Ms Kernot —It is true.

Mr HARDGRAVE —The member for Dickson says it is true. Member for Dickson, you were in the other place and you—as the then Leader of the Democrats before you swam away to join the Labor ship—had the opportunity to assist this country in a far greater way than you ever did in preventing the sort of debt level that the previous government generated. In fact, every time you hear the word `cuts' of any form to any allocation, the blame for cutbacks is always sheeted home to the Australian Labor Party, because they clocked up a $96 billion debt in the household that is the Commonwealth of Australia. They clocked up this massive debt and left young Australians—people as young as my own children, people who are apprentices today—with the circumstance of debt around their neck. Unless this government had shown the sort of responsible economic management that it had to show to get rid of that debt, and fast, this country would be in a very parlous state indeed. When those members opposite come in here and complain about cuts to government expenditure in the early years of this government, we must remind everybody that the cuts were brought about because of the poor standard of understanding of how the economy works which is in fact evidenced every day by the sorts of questions that are asked of the Treasurer and the Prime Minister by those members opposite.

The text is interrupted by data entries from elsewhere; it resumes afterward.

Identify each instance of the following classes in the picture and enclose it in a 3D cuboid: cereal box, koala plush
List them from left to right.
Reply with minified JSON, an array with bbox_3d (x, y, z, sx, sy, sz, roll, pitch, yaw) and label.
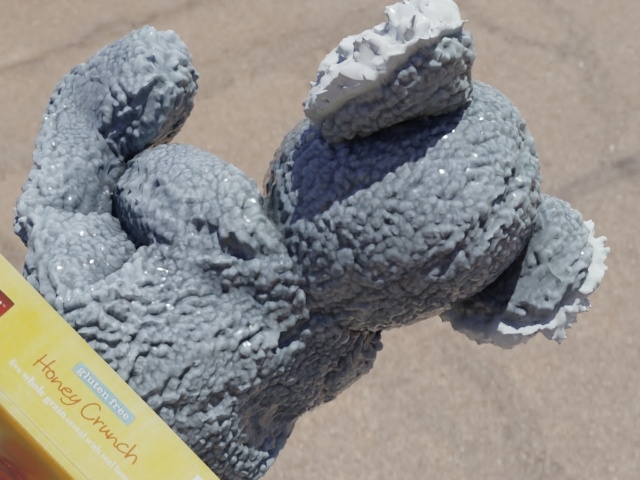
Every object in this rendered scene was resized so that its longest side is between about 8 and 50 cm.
[{"bbox_3d":[-0.141,0.114,0.469,0.173,0.240,0.047,45,42,-1],"label":"cereal box"},{"bbox_3d":[0.000,0.000,0.526,0.221,0.196,0.203,-22,33,20],"label":"koala plush"}]
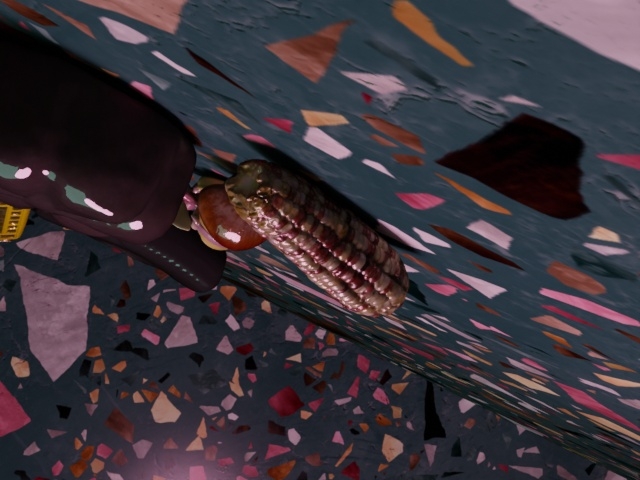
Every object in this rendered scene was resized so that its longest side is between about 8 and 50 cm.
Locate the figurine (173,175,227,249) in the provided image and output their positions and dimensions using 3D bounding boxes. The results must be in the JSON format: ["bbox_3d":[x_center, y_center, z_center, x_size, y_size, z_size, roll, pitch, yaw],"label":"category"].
[{"bbox_3d":[-0.147,-0.055,1.062,0.187,0.083,0.083,36,177,22],"label":"figurine"}]

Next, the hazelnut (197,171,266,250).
[{"bbox_3d":[-0.083,-0.032,0.954,0.086,0.086,0.086,26,172,4],"label":"hazelnut"}]

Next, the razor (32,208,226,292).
[{"bbox_3d":[-0.315,-0.031,1.533,0.349,0.114,0.204,29,173,-30],"label":"razor"}]

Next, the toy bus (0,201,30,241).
[{"bbox_3d":[-0.460,-0.098,1.287,0.152,0.144,0.330,6,163,-21],"label":"toy bus"}]

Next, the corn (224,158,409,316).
[{"bbox_3d":[0.000,0.000,0.856,0.079,0.080,0.237,18,168,44],"label":"corn"}]

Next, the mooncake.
[{"bbox_3d":[-0.241,-0.090,0.885,0.244,0.133,0.245,19,169,4],"label":"mooncake"}]
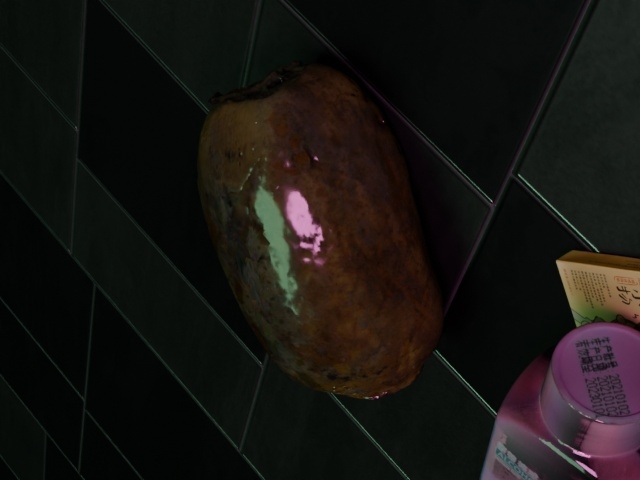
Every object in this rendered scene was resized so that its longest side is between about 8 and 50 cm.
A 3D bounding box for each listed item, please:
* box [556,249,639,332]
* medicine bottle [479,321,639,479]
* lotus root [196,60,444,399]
[{"bbox_3d":[0.225,0.047,0.973,0.149,0.020,0.073,7,123,54],"label":"box"},{"bbox_3d":[0.189,0.140,1.019,0.119,0.094,0.188,35,151,21],"label":"medicine bottle"},{"bbox_3d":[0.000,0.000,1.141,0.160,0.152,0.274,-5,115,49],"label":"lotus root"}]
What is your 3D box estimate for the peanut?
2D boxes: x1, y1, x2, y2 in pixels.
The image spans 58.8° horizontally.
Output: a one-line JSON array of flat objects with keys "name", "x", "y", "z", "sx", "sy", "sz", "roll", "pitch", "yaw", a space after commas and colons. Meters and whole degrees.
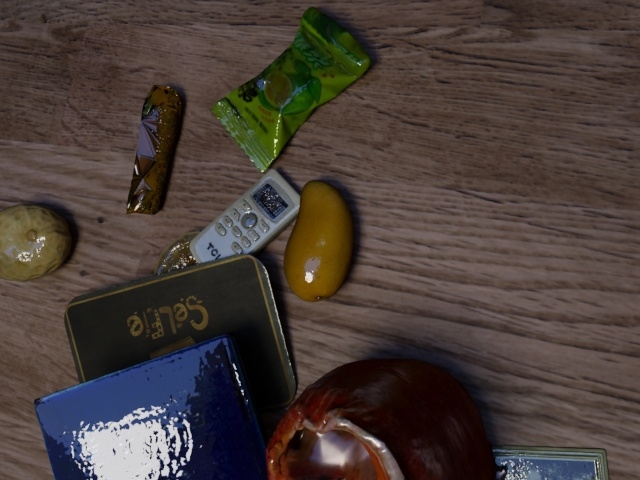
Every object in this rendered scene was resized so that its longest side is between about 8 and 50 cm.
[{"name": "peanut", "x": -0.513, "y": 0.003, "z": 0.992, "sx": 0.159, "sy": 0.109, "sz": 0.140, "roll": -5, "pitch": 79, "yaw": 20}]

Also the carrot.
[{"name": "carrot", "x": -0.285, "y": -0.151, "z": 0.972, "sx": 0.069, "sy": 0.069, "sz": 0.228, "roll": 6, "pitch": 83, "yaw": 20}]

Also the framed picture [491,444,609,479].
[{"name": "framed picture", "x": 0.267, "y": 0.333, "z": 0.715, "sx": 0.183, "sy": 0.011, "sz": 0.141, "roll": -4, "pitch": 78, "yaw": 18}]

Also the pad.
[{"name": "pad", "x": -0.246, "y": 0.142, "z": 0.864, "sx": 0.376, "sy": 0.063, "sz": 0.314, "roll": -16, "pitch": 88, "yaw": 16}]

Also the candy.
[{"name": "candy", "x": -0.050, "y": -0.241, "z": 0.902, "sx": 0.246, "sy": 0.069, "sz": 0.149, "roll": -42, "pitch": 75, "yaw": 2}]

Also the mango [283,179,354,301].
[{"name": "mango", "x": 0.000, "y": 0.000, "z": 0.833, "sx": 0.102, "sy": 0.085, "sz": 0.183, "roll": 0, "pitch": 70, "yaw": 21}]

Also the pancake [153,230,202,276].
[{"name": "pancake", "x": -0.204, "y": 0.054, "z": 0.921, "sx": 0.152, "sy": 0.025, "sz": 0.151, "roll": -3, "pitch": 79, "yaw": 18}]

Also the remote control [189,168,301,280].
[{"name": "remote control", "x": -0.115, "y": -0.022, "z": 0.889, "sx": 0.190, "sy": 0.029, "sz": 0.087, "roll": -41, "pitch": 74, "yaw": -1}]

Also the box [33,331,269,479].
[{"name": "box", "x": -0.201, "y": 0.296, "z": 0.764, "sx": 0.262, "sy": 0.116, "sz": 0.278, "roll": -19, "pitch": 82, "yaw": -6}]

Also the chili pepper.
[{"name": "chili pepper", "x": 0.063, "y": 0.268, "z": 0.639, "sx": 0.229, "sy": 0.305, "sz": 0.251, "roll": -11, "pitch": 84, "yaw": 26}]

The Vocational Education and Training Funding Amendment Bill 2001 is very important. This bill is about providing record amounts of funding to a very important area, an area that was left languishing under the previous Labor Party, an area that this government has improved tremendously, providing opportunities to well over 300,000 Australians—double what they had in 1995. Despite their massive debt, they never directed into this sector the sort of funds that this government is. Therefore, I am happy to support the legislation and, in doing so, praise the ongoing personal effort and commitment of the minister, Dr David Kemp.